After earning his M.B.A. at the University of Chicago, Spink worked at the University for three years, first as a fund-raiser and then as a writer and media relations representative for the Graduate School of Business. In September 1976, following an article he wrote about the Robert De Niro - Liza Minnelli big band music for the Chicago Daily News, he accepted an invitation from the student-managed radio station WHPK-FM to host his own radio show. Spink called it "The Saturday Swing Shift." It aired from 9 AM to 1 PM on Saturdays. His show became quite popular in Hyde Park and throughout the South Side of Chicago. However, WHPK-FM only had a 10-watt transmitter and a small broadcast radius.

Spink's articles about jazz and big band music brought him to the attention of WBEZ-FM, the National Public Radio station in Chicago that then offered considering jazz programming. From July 1978 until September 1981, Spink broadcast "The Saturday Swing Shift" on WBEZ-FM on Saturday afternoons from 1 PM until 5 PM, preceding Garrison Keilor's popular "Prairie Home Companion."
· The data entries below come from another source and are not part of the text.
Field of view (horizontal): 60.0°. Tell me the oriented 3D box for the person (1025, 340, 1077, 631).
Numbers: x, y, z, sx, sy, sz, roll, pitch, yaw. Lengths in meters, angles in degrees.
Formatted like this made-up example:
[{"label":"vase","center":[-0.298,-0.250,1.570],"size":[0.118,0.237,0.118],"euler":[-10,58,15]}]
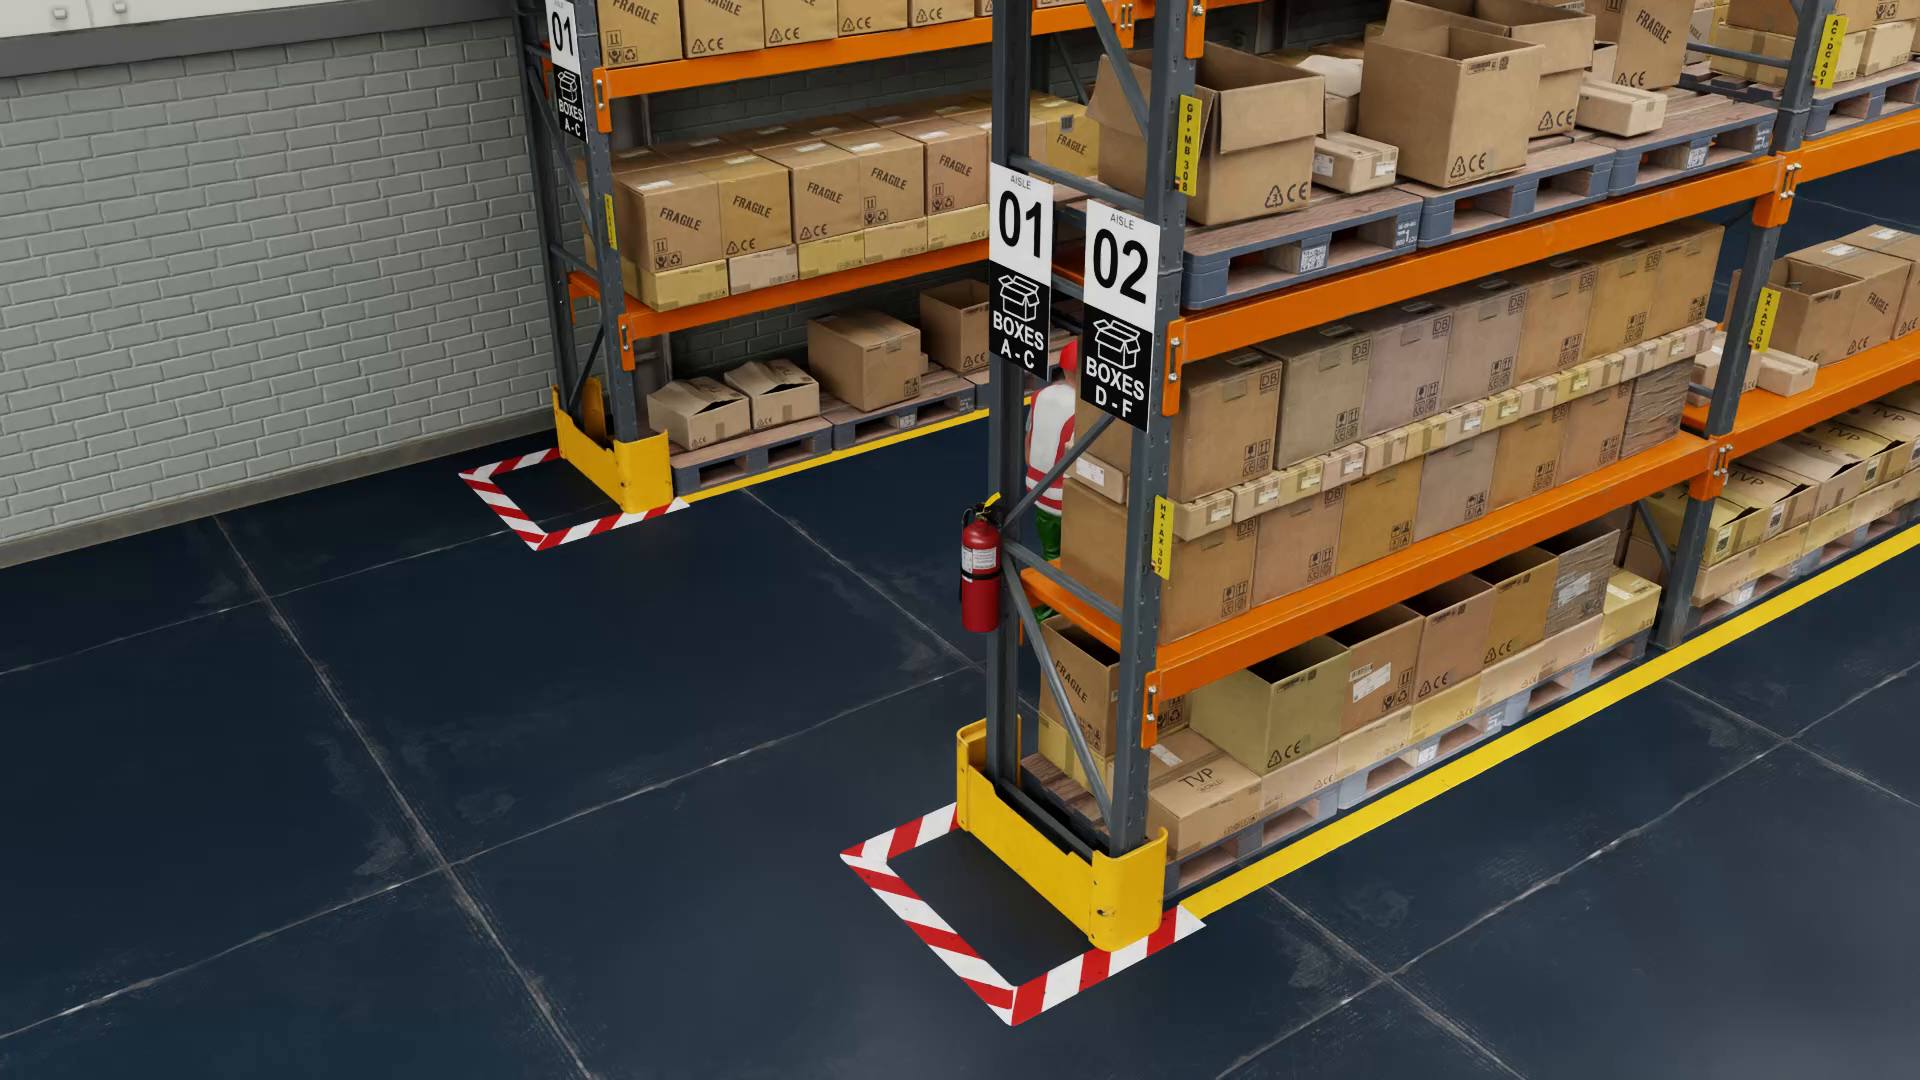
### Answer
[{"label":"person","center":[0.600,-0.233,9.041],"size":[0.454,1.777,0.607],"euler":[-20,34,-33]}]

In 1979, Chicago Tribune Media Critic Gary Deeb wrote a glowing review of Spink's radio program. His article surprised no one more than Spink, because Deeb had a reputation of being a tough critic who often wrote caustic reviews of Chicago radio and TV personalities. Deeb pointed out that Spink's Saturday afternoon big band show consistently ranked in the top five AM and FM radio shows during every 15-minute interval it was on the air

Spink had no idea Deeb even knew about his show. A friend called Spink at his Hyde Park apartment about 6 o'clock in the morning to tell him Deeb's column that day was about his "The Saturday Swing Shift" show.